### Exercise prompt
The answer must be an exact printing of every record below, with the pictures omitted.

### Records for processing
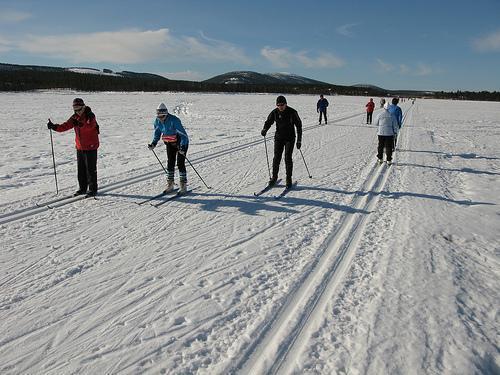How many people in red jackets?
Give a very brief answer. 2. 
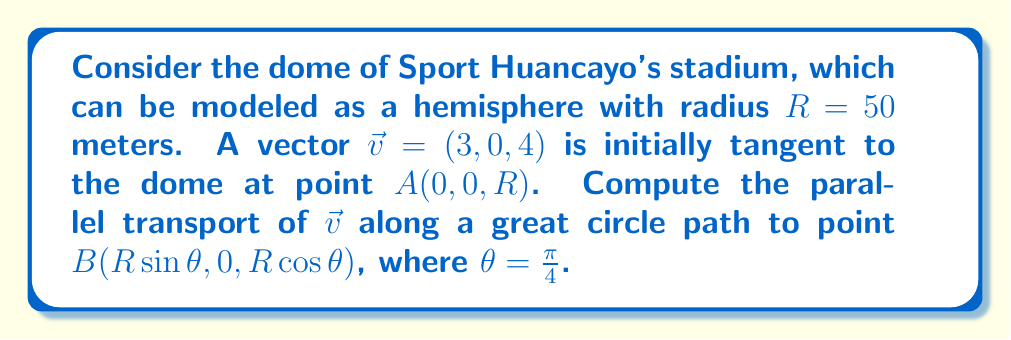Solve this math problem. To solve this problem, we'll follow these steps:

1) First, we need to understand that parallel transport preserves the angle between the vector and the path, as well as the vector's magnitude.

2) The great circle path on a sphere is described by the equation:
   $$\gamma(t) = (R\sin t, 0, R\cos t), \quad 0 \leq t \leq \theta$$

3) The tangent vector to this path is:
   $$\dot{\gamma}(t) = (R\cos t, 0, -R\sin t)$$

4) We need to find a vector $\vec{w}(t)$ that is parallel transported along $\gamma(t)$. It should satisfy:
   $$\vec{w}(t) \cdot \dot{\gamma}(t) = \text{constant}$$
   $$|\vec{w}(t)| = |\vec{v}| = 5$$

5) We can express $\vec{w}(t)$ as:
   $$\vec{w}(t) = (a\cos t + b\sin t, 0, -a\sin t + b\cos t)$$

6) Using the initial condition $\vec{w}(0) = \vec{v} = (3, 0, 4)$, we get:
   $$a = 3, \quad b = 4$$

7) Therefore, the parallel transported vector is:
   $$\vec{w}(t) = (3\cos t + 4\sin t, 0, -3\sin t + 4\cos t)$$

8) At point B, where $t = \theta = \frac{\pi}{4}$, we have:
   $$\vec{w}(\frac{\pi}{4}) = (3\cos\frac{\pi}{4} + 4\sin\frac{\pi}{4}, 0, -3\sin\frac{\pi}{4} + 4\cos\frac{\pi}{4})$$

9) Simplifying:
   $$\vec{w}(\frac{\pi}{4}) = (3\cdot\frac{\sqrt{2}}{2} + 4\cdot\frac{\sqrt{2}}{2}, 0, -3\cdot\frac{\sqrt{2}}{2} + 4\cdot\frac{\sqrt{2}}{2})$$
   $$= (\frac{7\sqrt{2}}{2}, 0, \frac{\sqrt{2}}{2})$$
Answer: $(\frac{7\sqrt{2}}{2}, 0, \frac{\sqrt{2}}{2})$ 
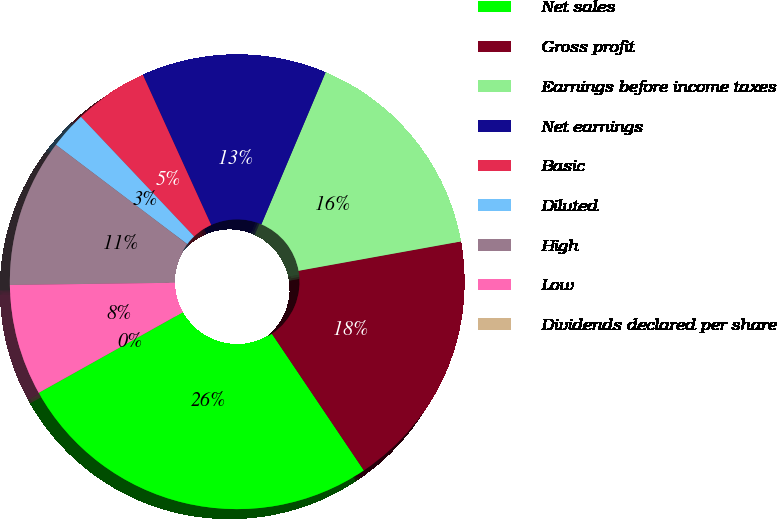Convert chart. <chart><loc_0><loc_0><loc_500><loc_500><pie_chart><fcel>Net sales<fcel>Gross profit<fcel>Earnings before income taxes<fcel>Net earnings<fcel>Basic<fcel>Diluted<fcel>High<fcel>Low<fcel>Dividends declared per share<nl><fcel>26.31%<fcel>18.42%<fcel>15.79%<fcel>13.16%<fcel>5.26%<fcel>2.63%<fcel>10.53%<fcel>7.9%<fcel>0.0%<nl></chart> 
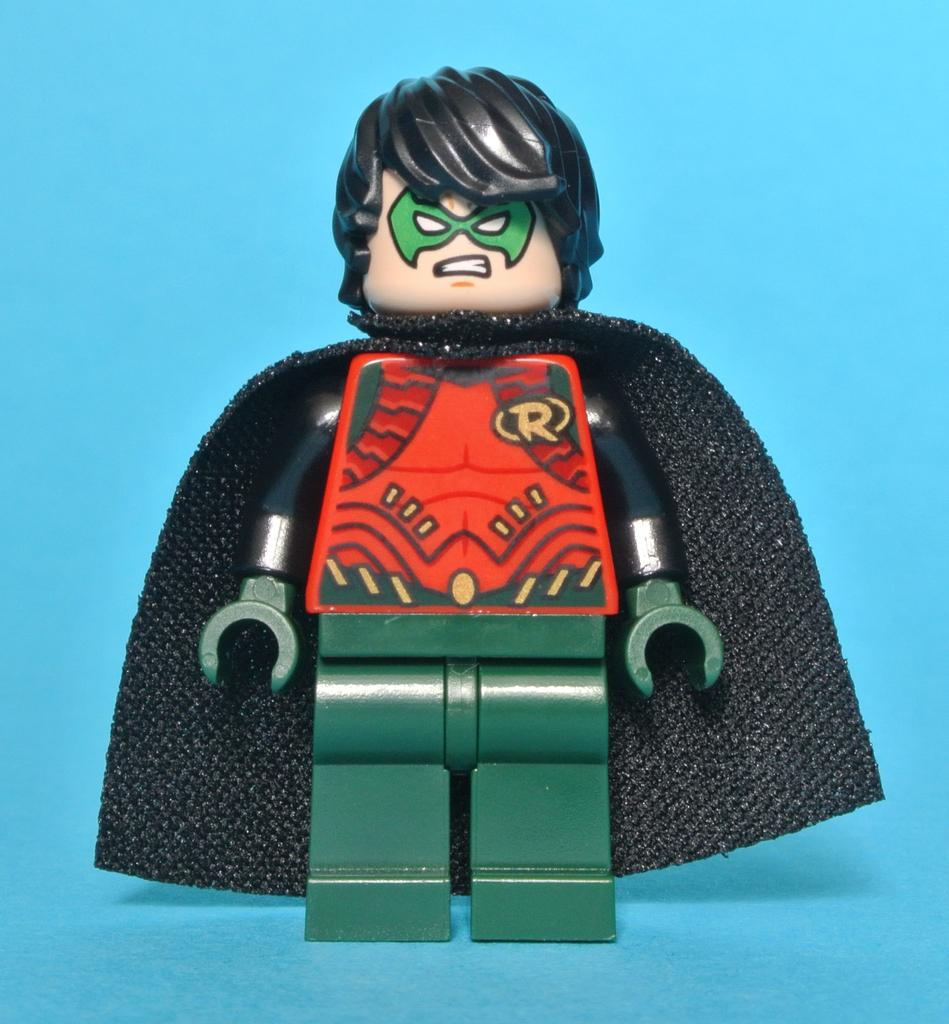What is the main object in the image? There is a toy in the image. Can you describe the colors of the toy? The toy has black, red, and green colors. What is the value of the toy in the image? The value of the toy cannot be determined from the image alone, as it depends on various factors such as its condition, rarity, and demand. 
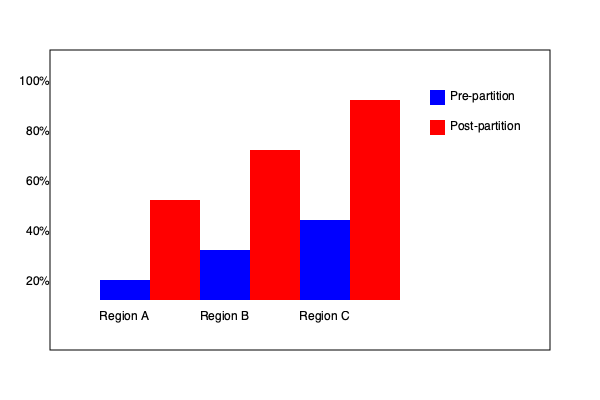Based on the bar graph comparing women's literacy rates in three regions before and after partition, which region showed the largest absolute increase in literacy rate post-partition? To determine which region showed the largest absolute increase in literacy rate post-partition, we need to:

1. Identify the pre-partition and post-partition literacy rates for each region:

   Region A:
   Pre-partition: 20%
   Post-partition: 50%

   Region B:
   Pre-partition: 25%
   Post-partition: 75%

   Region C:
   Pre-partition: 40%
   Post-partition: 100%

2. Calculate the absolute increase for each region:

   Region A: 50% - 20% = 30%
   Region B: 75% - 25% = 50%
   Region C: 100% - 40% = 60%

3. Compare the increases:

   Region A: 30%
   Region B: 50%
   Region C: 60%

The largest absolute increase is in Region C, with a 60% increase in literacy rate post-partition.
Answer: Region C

### Task response
How many people in red jackets?
Give a very brief answer. 2. 
Solve this math problem. To solve this problem, we'll follow these steps:

1) First, we need to understand that parallel transport preserves the angle between the vector and the path, as well as the vector's magnitude.

2) The great circle path on a sphere is described by the equation:
   $$\gamma(t) = (R\sin t, 0, R\cos t), \quad 0 \leq t \leq \theta$$

3) The tangent vector to this path is:
   $$\dot{\gamma}(t) = (R\cos t, 0, -R\sin t)$$

4) We need to find a vector $\vec{w}(t)$ that is parallel transported along $\gamma(t)$. It should satisfy:
   $$\vec{w}(t) \cdot \dot{\gamma}(t) = \text{constant}$$
   $$|\vec{w}(t)| = |\vec{v}| = 5$$

5) We can express $\vec{w}(t)$ as:
   $$\vec{w}(t) = (a\cos t + b\sin t, 0, -a\sin t + b\cos t)$$

6) Using the initial condition $\vec{w}(0) = \vec{v} = (3, 0, 4)$, we get:
   $$a = 3, \quad b = 4$$

7) Therefore, the parallel transported vector is:
   $$\vec{w}(t) = (3\cos t + 4\sin t, 0, -3\sin t + 4\cos t)$$

8) At point B, where $t = \theta = \frac{\pi}{4}$, we have:
   $$\vec{w}(\frac{\pi}{4}) = (3\cos\frac{\pi}{4} + 4\sin\frac{\pi}{4}, 0, -3\sin\frac{\pi}{4} + 4\cos\frac{\pi}{4})$$

9) Simplifying:
   $$\vec{w}(\frac{\pi}{4}) = (3\cdot\frac{\sqrt{2}}{2} + 4\cdot\frac{\sqrt{2}}{2}, 0, -3\cdot\frac{\sqrt{2}}{2} + 4\cdot\frac{\sqrt{2}}{2})$$
   $$= (\frac{7\sqrt{2}}{2}, 0, \frac{\sqrt{2}}{2})$$
Answer: $(\frac{7\sqrt{2}}{2}, 0, \frac{\sqrt{2}}{2})$ 
Convert chart. <chart><loc_0><loc_0><loc_500><loc_500><pie_chart><fcel>Net sales<fcel>Gross profit<fcel>Earnings before income taxes<fcel>Net earnings<fcel>Basic<fcel>Diluted<fcel>High<fcel>Low<fcel>Dividends declared per share<nl><fcel>26.31%<fcel>18.42%<fcel>15.79%<fcel>13.16%<fcel>5.26%<fcel>2.63%<fcel>10.53%<fcel>7.9%<fcel>0.0%<nl></chart> 
What is the main object in the image? There is a toy in the image. Can you describe the colors of the toy? The toy has black, red, and green colors. What is the value of the toy in the image? The value of the toy cannot be determined from the image alone, as it depends on various factors such as its condition, rarity, and demand. 
Based on the bar graph comparing women's literacy rates in three regions before and after partition, which region showed the largest absolute increase in literacy rate post-partition? To determine which region showed the largest absolute increase in literacy rate post-partition, we need to:

1. Identify the pre-partition and post-partition literacy rates for each region:

   Region A:
   Pre-partition: 20%
   Post-partition: 50%

   Region B:
   Pre-partition: 25%
   Post-partition: 75%

   Region C:
   Pre-partition: 40%
   Post-partition: 100%

2. Calculate the absolute increase for each region:

   Region A: 50% - 20% = 30%
   Region B: 75% - 25% = 50%
   Region C: 100% - 40% = 60%

3. Compare the increases:

   Region A: 30%
   Region B: 50%
   Region C: 60%

The largest absolute increase is in Region C, with a 60% increase in literacy rate post-partition.
Answer: Region C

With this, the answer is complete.